[Saved data entries]
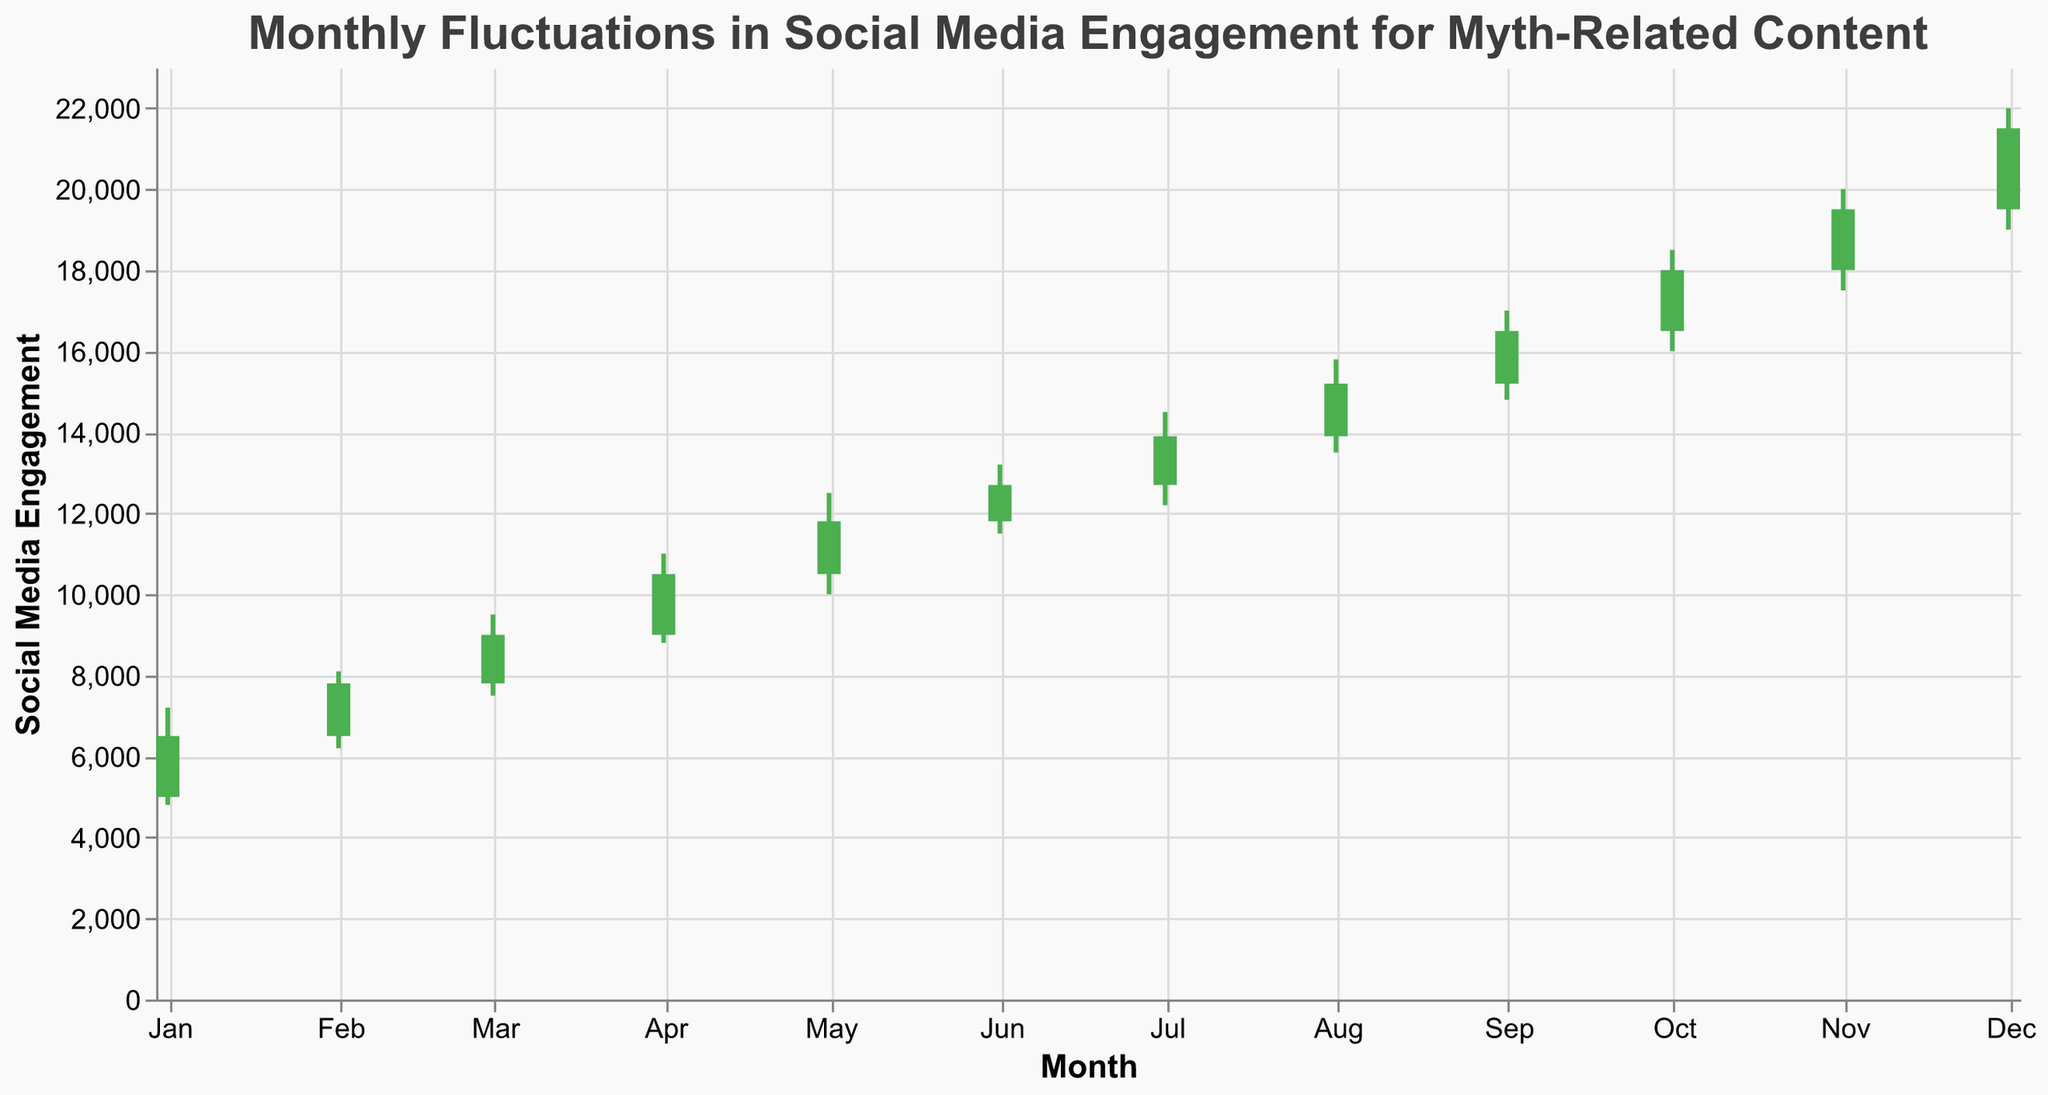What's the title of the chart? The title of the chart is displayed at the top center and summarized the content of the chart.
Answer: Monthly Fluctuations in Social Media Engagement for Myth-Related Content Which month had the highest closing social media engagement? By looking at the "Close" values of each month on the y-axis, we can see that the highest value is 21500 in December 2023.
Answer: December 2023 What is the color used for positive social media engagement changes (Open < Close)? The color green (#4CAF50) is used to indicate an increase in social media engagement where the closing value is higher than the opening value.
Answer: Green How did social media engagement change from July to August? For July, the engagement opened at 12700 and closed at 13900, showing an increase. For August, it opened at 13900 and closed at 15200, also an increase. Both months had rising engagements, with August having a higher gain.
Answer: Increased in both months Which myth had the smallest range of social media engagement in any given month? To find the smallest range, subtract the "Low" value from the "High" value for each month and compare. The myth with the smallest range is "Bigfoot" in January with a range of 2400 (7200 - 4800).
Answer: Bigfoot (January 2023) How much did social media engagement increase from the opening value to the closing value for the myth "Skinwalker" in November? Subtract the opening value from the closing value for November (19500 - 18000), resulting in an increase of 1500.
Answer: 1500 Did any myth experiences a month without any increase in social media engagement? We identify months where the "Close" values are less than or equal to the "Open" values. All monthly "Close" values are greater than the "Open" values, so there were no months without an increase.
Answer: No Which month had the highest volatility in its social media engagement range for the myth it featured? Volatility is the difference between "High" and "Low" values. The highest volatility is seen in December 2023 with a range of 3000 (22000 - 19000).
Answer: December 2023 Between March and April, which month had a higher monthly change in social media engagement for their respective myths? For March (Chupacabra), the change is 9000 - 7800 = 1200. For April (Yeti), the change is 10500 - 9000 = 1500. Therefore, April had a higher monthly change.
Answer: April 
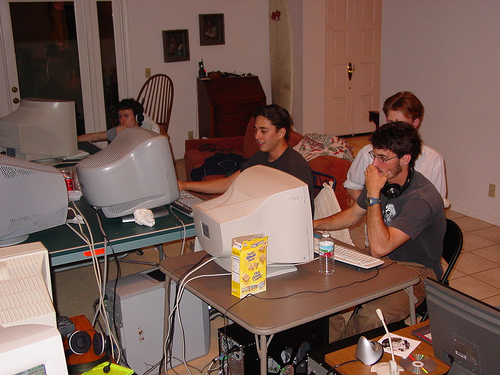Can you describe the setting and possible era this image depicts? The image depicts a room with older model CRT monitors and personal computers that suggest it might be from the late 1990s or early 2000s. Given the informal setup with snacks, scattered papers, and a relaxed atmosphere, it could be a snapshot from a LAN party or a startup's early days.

▶ **PROBLEM TO WORK ON**
Transcribe each record exactly as it stands, setting aside any pictures.

▶ **ANSWER TO THE PROBLEM**
What's the title of the chart? The title of the chart is displayed at the top center and summarized the content of the chart.
Answer: Monthly Fluctuations in Social Media Engagement for Myth-Related Content Which month had the highest closing social media engagement? By looking at the "Close" values of each month on the y-axis, we can see that the highest value is 21500 in December 2023.
Answer: December 2023 What is the color used for positive social media engagement changes (Open < Close)? The color green (#4CAF50) is used to indicate an increase in social media engagement where the closing value is higher than the opening value.
Answer: Green How did social media engagement change from July to August? For July, the engagement opened at 12700 and closed at 13900, showing an increase. For August, it opened at 13900 and closed at 15200, also an increase. Both months had rising engagements, with August having a higher gain.
Answer: Increased in both months Which myth had the smallest range of social media engagement in any given month? To find the smallest range, subtract the "Low" value from the "High" value for each month and compare. The myth with the smallest range is "Bigfoot" in January with a range of 2400 (7200 - 4800).
Answer: Bigfoot (January 2023) How much did social media engagement increase from the opening value to the closing value for the myth "Skinwalker" in November? Subtract the opening value from the closing value for November (19500 - 18000), resulting in an increase of 1500.
Answer: 1500 Did any myth experiences a month without any increase in social media engagement? We identify months where the "Close" values are less than or equal to the "Open" values. All monthly "Close" values are greater than the "Open" values, so there were no months without an increase.
Answer: No Which month had the highest volatility in its social media engagement range for the myth it featured? Volatility is the difference between "High" and "Low" values. The highest volatility is seen in December 2023 with a range of 3000 (22000 - 19000).
Answer: December 2023 Between March and April, which month had a higher monthly change in social media engagement for their respective myths? For March (Chupacabra), the change is 9000 - 7800 = 1200. For April (Yeti), the change is 10500 - 9000 = 1500. Therefore, April had a higher monthly change.
Answer: April 
Can you describe the setting and possible era this image depicts? The image depicts a room with older model CRT monitors and personal computers that suggest it might be from the late 1990s or early 2000s. Given the informal setup with snacks, scattered papers, and a relaxed atmosphere, it could be a snapshot from a LAN party or a startup's early days.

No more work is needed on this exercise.